> EXERCISE GOAL
Without including any picture, repeat the records below exactly.

═══ INPUT ═══

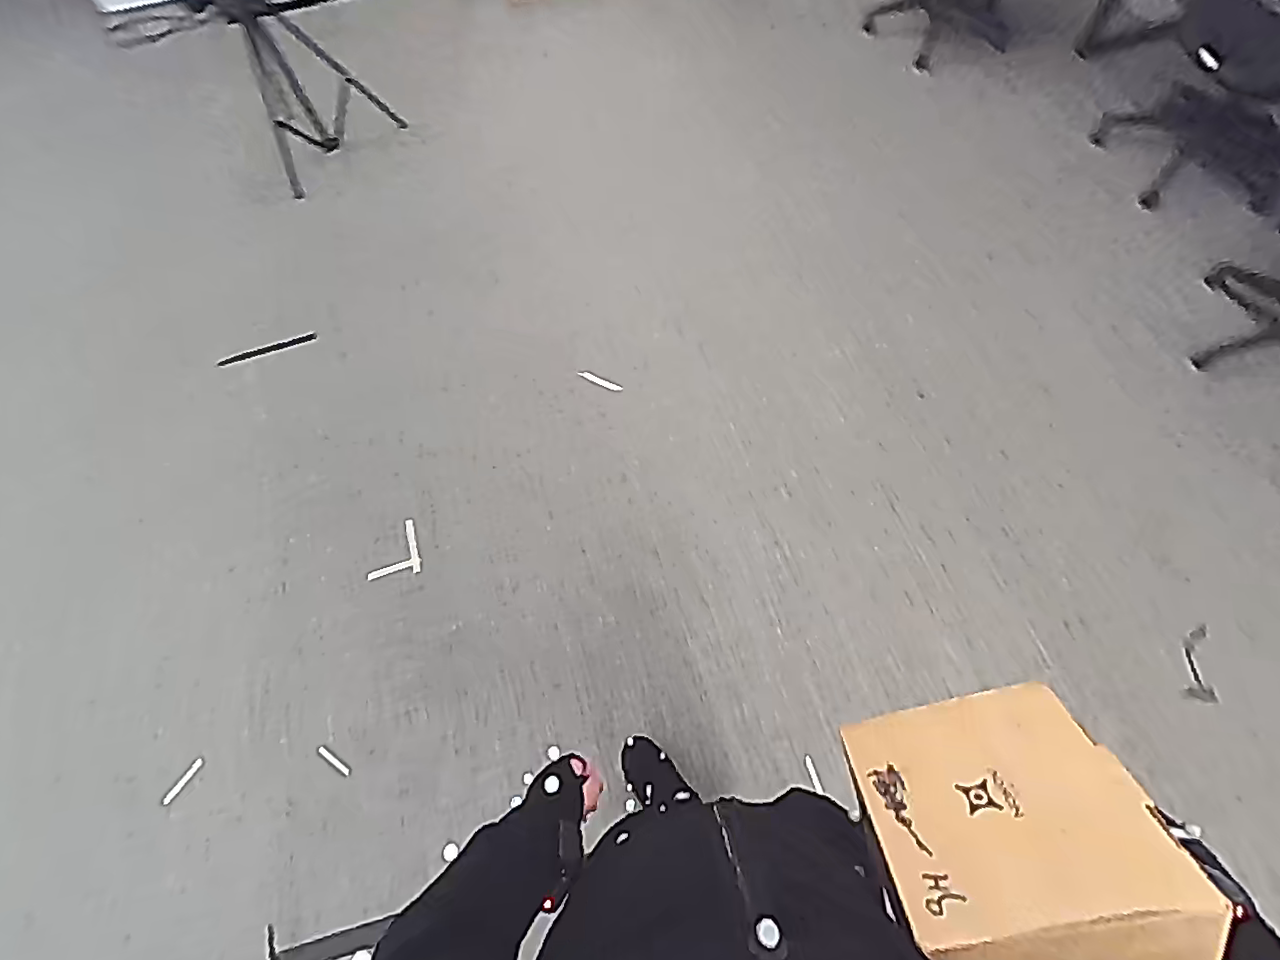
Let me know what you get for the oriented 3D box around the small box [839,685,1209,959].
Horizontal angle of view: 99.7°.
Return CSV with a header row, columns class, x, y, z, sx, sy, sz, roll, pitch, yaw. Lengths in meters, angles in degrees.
class,x,y,z,sx,sy,sz,roll,pitch,yaw
small box,0.285,0.304,0.440,0.179,0.176,0.168,-17,24,9

═══

> TASK RESULT
Let me know what you get for the oriented 3D box around the small box [839,685,1209,959].
Horizontal angle of view: 99.7°.
Return CSV with a header row, columns class, x, y, z, sx, sy, sz, roll, pitch, yaw. Lengths in meters, angles in degrees.
class,x,y,z,sx,sy,sz,roll,pitch,yaw
small box,0.285,0.304,0.440,0.179,0.176,0.168,-17,24,9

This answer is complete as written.